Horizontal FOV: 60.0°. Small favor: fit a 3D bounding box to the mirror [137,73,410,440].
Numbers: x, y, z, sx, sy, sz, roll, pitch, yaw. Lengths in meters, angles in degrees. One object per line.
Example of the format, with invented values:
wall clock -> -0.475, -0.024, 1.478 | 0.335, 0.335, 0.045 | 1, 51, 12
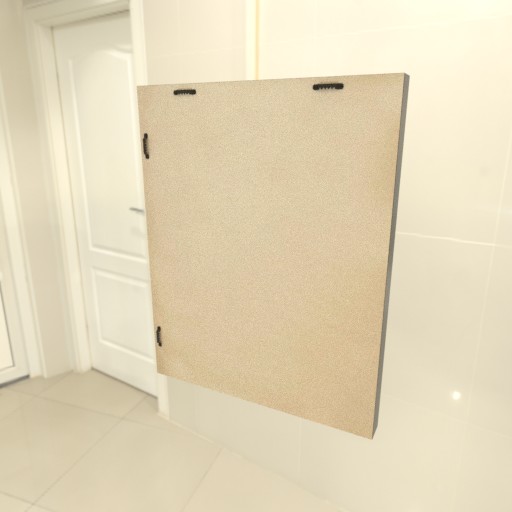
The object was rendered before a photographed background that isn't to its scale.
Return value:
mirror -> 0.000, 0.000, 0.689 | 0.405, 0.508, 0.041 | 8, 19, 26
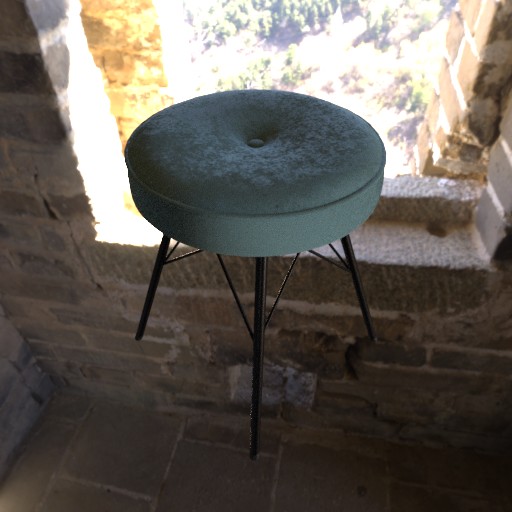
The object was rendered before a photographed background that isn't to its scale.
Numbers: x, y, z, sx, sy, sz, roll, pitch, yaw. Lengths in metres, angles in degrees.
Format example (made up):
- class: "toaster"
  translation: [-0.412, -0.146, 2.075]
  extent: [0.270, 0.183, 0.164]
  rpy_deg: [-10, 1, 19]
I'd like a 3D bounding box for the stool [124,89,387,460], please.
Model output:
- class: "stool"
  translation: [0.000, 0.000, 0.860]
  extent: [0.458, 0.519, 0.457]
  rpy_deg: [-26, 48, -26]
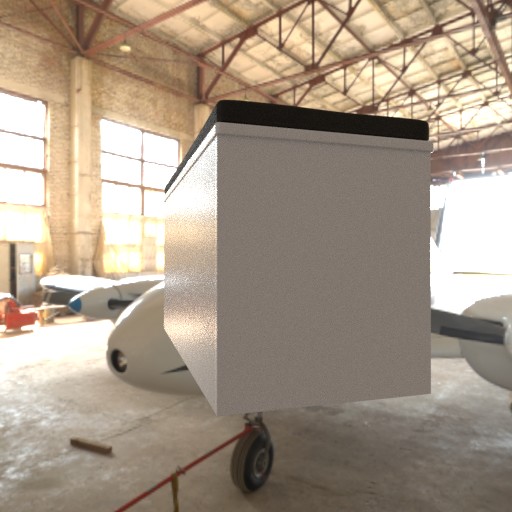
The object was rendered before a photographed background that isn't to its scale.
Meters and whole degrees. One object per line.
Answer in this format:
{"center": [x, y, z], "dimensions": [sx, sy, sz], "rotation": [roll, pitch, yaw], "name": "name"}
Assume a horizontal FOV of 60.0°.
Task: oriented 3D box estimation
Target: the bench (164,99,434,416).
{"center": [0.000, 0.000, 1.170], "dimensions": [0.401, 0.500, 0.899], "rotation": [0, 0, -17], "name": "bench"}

--

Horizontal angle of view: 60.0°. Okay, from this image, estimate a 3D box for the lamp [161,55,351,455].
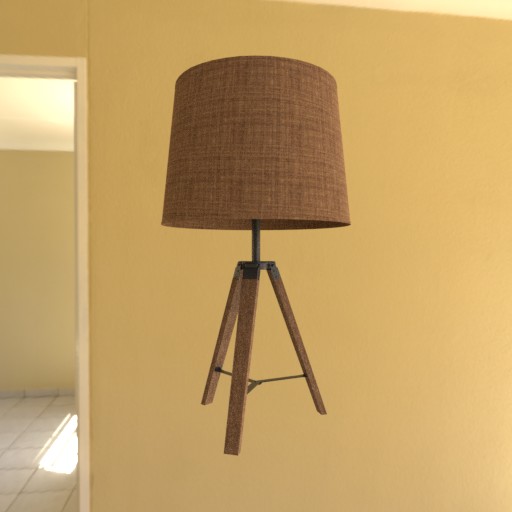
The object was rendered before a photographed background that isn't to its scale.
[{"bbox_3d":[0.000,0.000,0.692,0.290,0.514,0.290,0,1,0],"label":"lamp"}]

[Assignment] Output, from the data above, the lines from the line with "Meters and whole" to the line with "Task: oriented 3D box estimation" exactly as they stand, both ends included and nothing else.

[Task output]
Meters and whole degrees. One object per line.
Answer in this format:
{"center": [x, y, z], "dimensions": [sx, sy, sz], "rotation": [roll, pitch, yaw], "name": "name"}
Assume a horizontal FOV of 60.0°.
Task: oriented 3D box estimation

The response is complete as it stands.